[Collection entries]
****

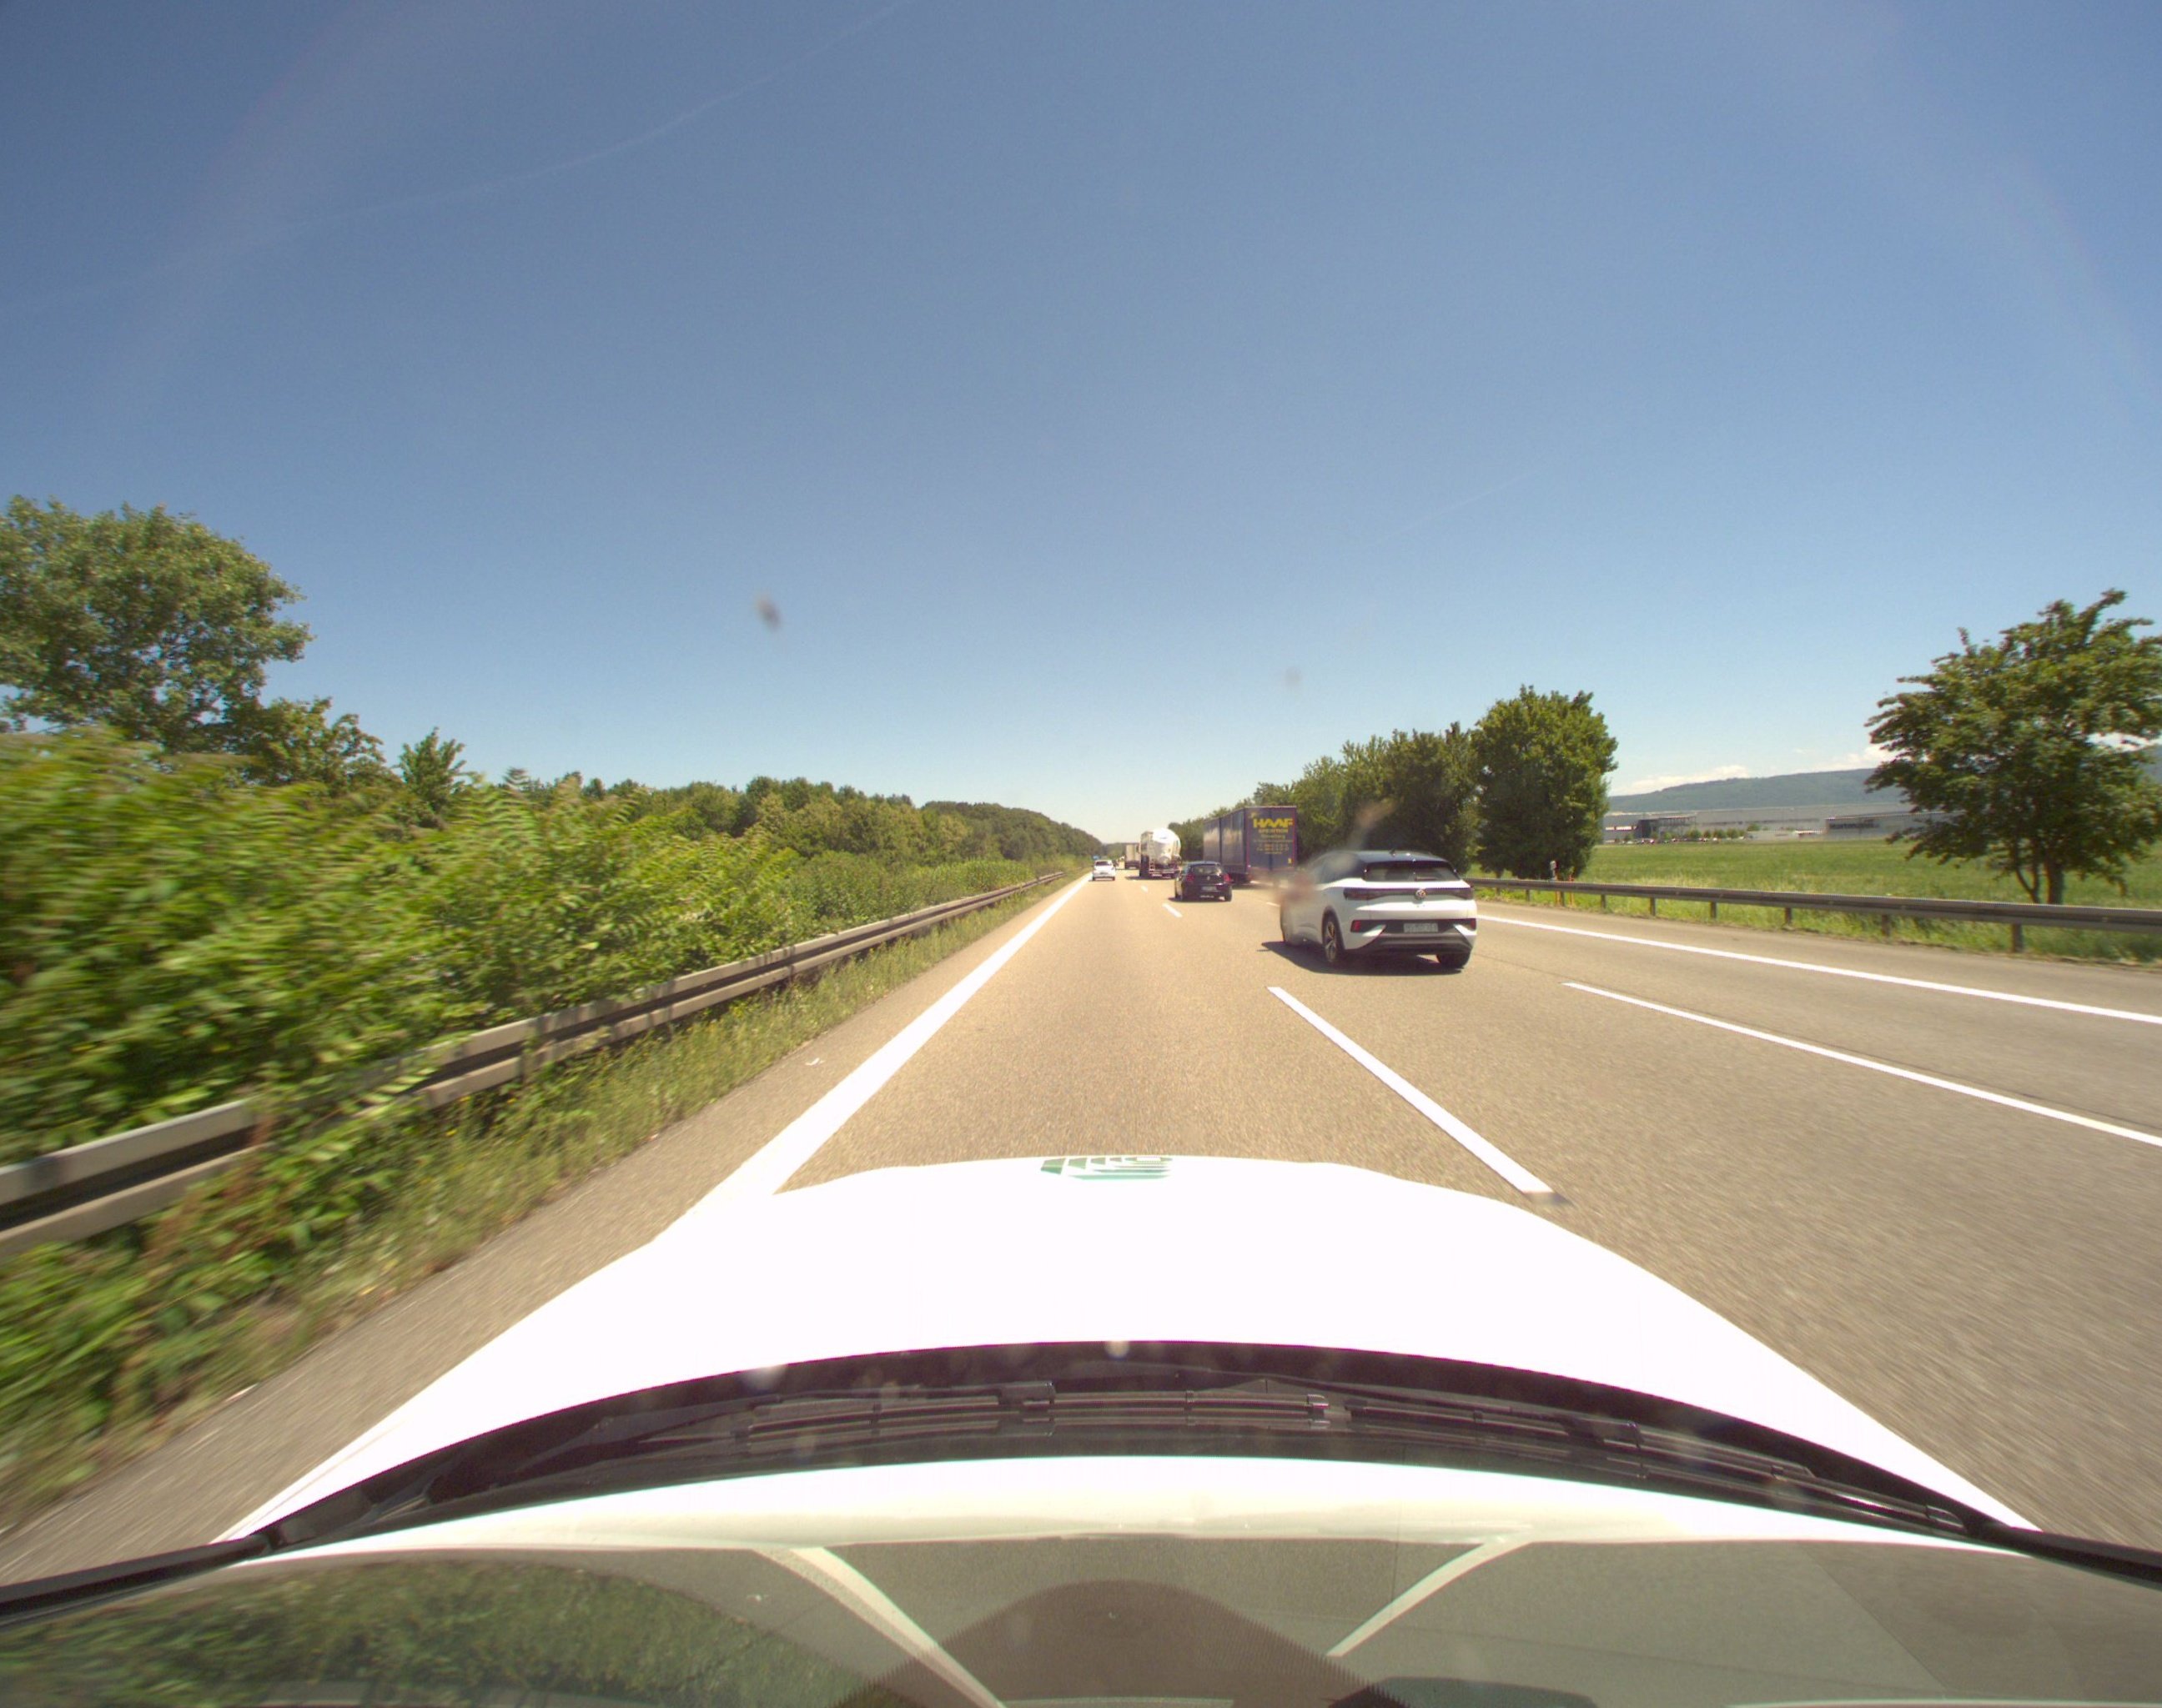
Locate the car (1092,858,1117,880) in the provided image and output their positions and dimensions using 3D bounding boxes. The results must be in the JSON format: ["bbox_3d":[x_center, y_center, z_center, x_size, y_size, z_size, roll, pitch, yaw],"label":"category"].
[{"bbox_3d":[1.734,1.099,60.356,1.793,1.552,3.610,0,0,0],"label":"car"}]

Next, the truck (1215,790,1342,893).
[{"bbox_3d":[9.222,-0.469,40.504,3.097,4.139,15.519,0,0,2],"label":"truck"}]

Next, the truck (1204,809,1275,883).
[{"bbox_3d":[9.600,-0.443,50.178,3.097,4.139,8.060,0,0,2],"label":"truck"}]

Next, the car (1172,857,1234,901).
[{"bbox_3d":[4.409,0.867,29.979,1.843,1.523,3.959,0,0,2],"label":"car"}]

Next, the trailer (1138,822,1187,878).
[{"bbox_3d":[6.369,-0.269,65.677,2.901,4.069,12.420,0,0,1],"label":"trailer"}]

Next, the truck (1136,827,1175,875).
[{"bbox_3d":[6.464,-0.241,71.769,2.902,4.079,7.196,0,0,1],"label":"truck"}]

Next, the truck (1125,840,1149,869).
[{"bbox_3d":[8.617,0.093,127.673,3.381,4.214,12.089,0,0,2],"label":"truck"}]

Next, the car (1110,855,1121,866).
[{"bbox_3d":[7.815,1.526,186.925,2.465,2.354,5.184,0,0,2],"label":"car"}]

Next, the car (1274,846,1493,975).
[{"bbox_3d":[4.294,0.707,12.362,1.796,1.603,4.382,0,0,1],"label":"car"}]
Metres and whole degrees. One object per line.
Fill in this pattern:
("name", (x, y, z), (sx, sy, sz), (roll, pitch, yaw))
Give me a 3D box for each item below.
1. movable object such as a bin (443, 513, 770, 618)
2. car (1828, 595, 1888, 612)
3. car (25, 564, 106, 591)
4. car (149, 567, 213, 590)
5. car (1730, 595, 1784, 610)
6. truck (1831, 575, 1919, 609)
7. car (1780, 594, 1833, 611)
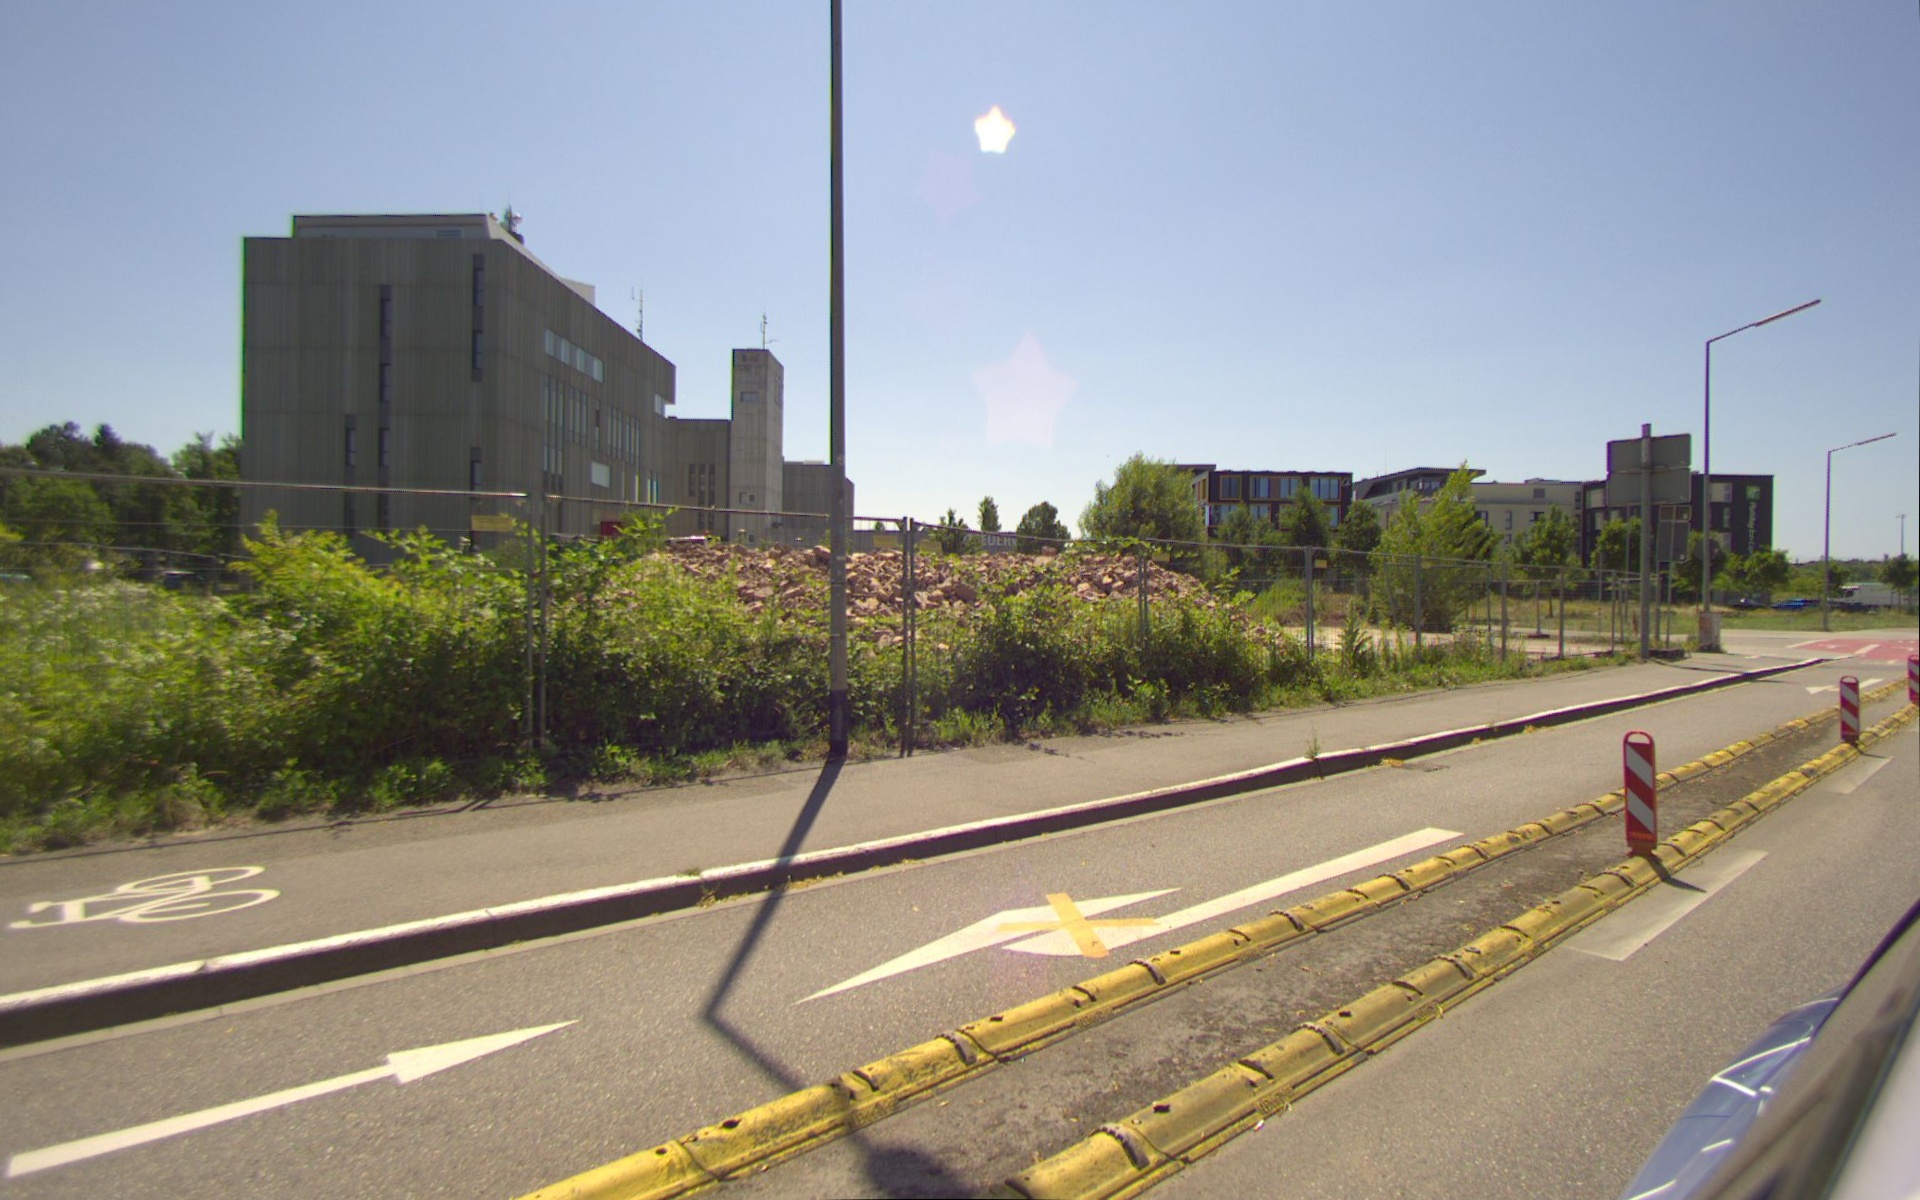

****

Check every line of the records, and copy the ones that hold the word "object".

Metres and whole degrees. One object per line.
1. movable object such as a bin (443, 513, 770, 618)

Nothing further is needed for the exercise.